Search the records below for the word "structure". Copy each line where it occurs.

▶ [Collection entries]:
• • •

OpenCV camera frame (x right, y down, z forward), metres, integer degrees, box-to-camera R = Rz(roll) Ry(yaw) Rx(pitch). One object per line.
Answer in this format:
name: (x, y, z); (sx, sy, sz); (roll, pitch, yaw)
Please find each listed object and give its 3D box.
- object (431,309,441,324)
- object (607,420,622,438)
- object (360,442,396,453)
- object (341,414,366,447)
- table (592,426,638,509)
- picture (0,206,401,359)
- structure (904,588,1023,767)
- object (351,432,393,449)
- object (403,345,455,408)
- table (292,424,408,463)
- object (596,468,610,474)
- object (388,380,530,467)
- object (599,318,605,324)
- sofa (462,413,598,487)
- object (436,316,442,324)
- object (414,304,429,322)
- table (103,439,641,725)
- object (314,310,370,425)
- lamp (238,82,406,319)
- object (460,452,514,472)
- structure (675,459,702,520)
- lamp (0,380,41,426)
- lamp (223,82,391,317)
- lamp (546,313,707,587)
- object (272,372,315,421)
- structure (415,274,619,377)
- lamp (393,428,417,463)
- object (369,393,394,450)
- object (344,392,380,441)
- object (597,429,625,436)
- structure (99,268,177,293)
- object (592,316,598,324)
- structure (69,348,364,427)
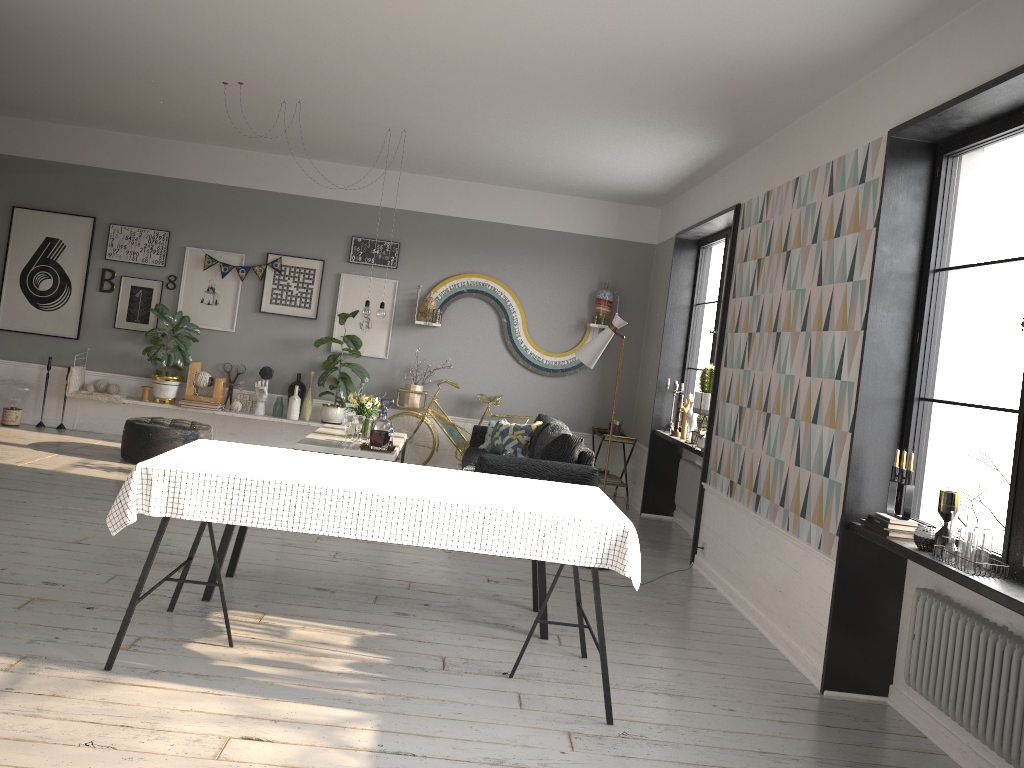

• • •

▶ [Exercise output]:
- structure (904,588,1023,767)
- structure (675,459,702,520)
- structure (415,274,619,377)
- structure (99,268,177,293)
- structure (69,348,364,427)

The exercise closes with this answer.